I’m both adopted and a birth mom. I always knew I was adopted — I think many things are much easier to tell a child if you make it a fact of life from the time they are born. I think it would be absolutely wrong to hide the fact that a child is adopted and not tell them until age 21, when it would definitely be much harder to tell. I believe adopted children have a right to know from the start, and should have a right to all information about the birth family. Secrets are never a good thing.
Maggie
I am a “BirthMom” and I got to say that “SECRETS” only HURT and “LIES” have a way of comming out!
BE HONEST!!!
WHY would one NOT tell IF there is NO “SHAME” involved in the TRUTH!??
I was told the day I met my daughters adoptive parents that the “TRUTH WILL BE KNOWN” and I PRAY it isen’t when she is 21 either for that is NOT fair to her, to me or anyone involved!
HONESTLY…WHY WAIT!??
WHY HIDE THE TRUTH???
FOR WHAT???
I never agreed to hide the truth about my brother being adopted.
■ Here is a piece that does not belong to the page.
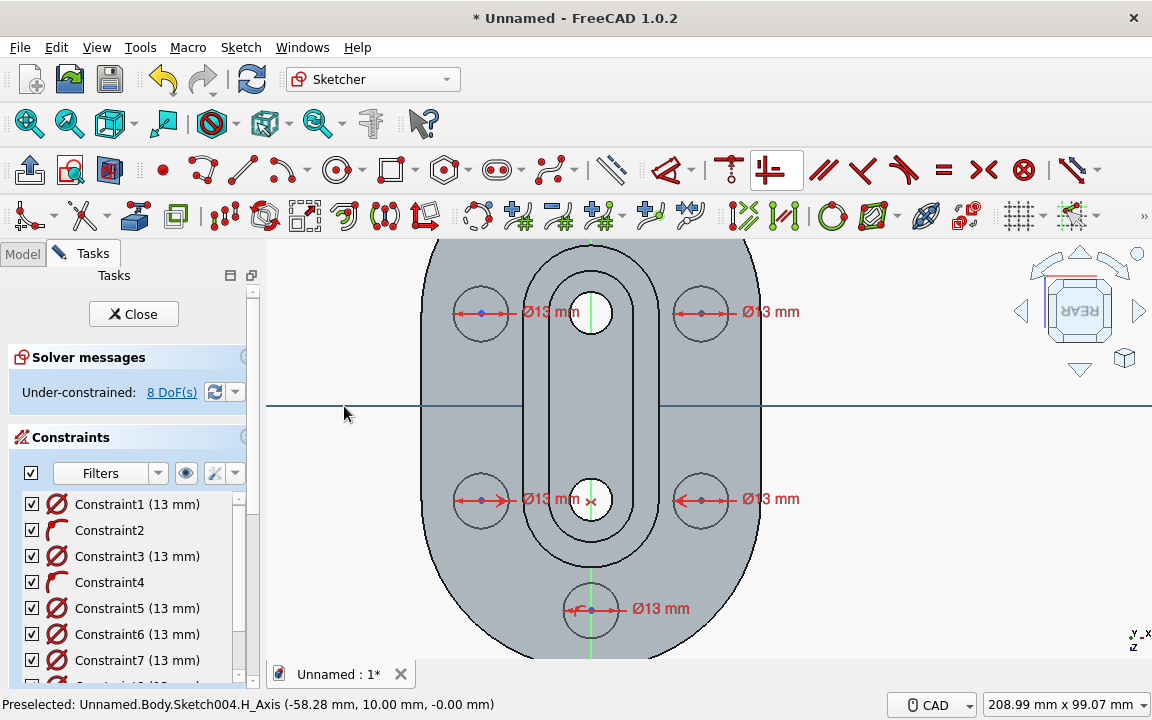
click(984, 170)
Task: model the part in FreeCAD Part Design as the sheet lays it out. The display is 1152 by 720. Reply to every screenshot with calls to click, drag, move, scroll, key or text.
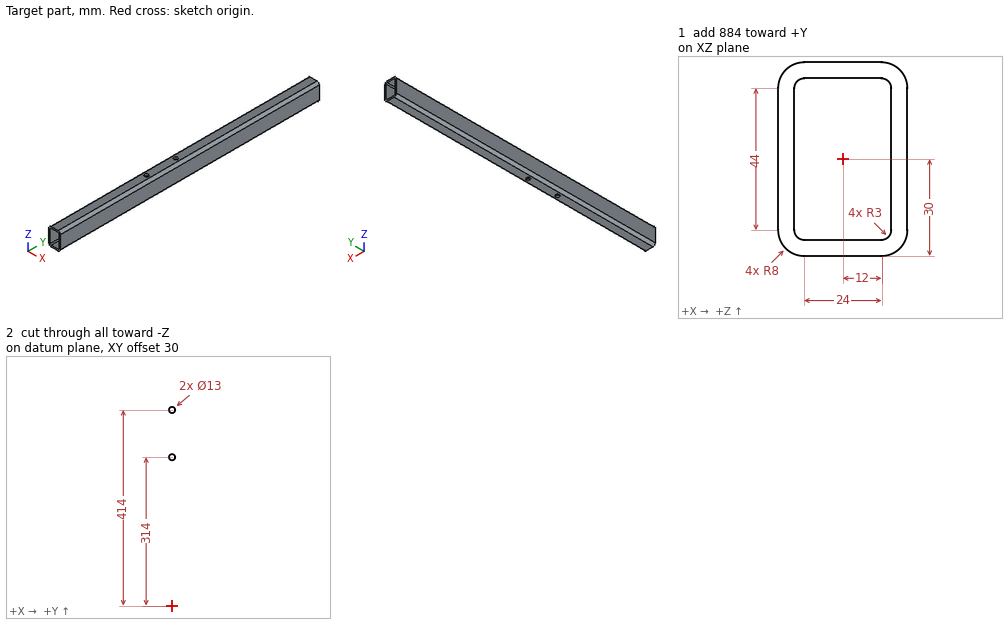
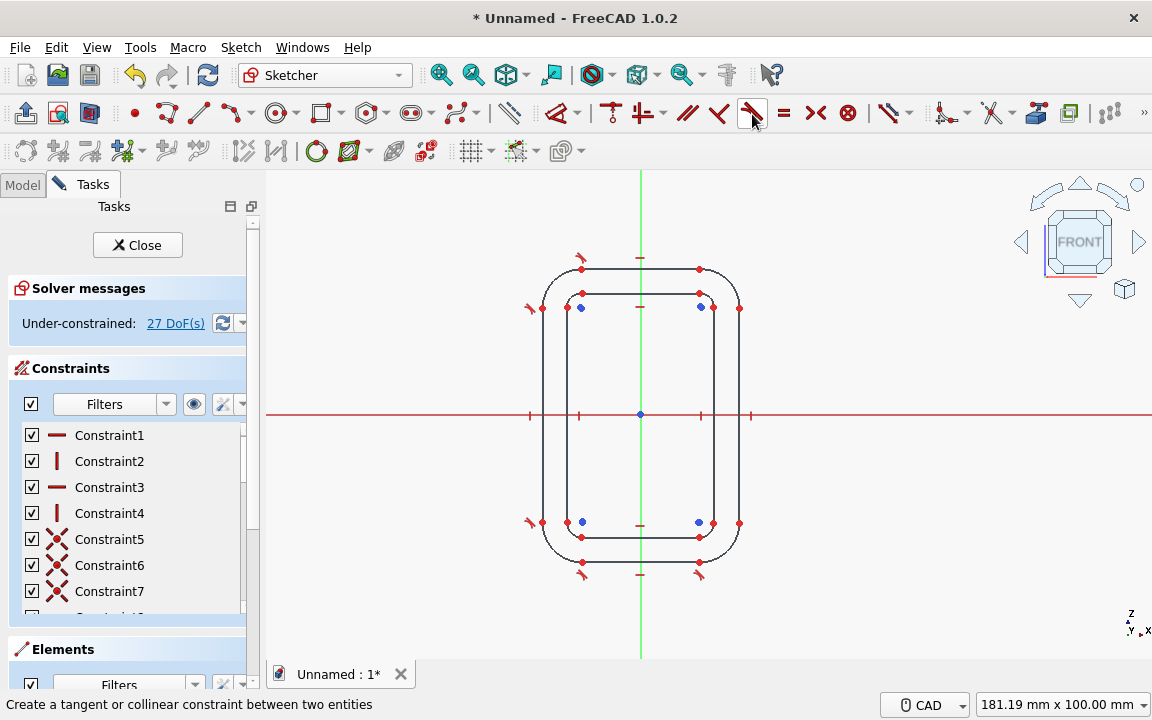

Both my parents forced me to lie from day 1 (I was only 15 years old). Only a few days ago, he found out in an abrupt way, it was not done maliciously, but still it hurt him and now I feel helpless. He is 27 now. I don’t know what to do, I am so hurt as well. He doesn’t want to talk to me yet, he asked me to give him time to be alone and process what he just found out. I truly believe in telling the truth from the beginning, is much better than the risk of the child finding out the way my brother did. I feel awful!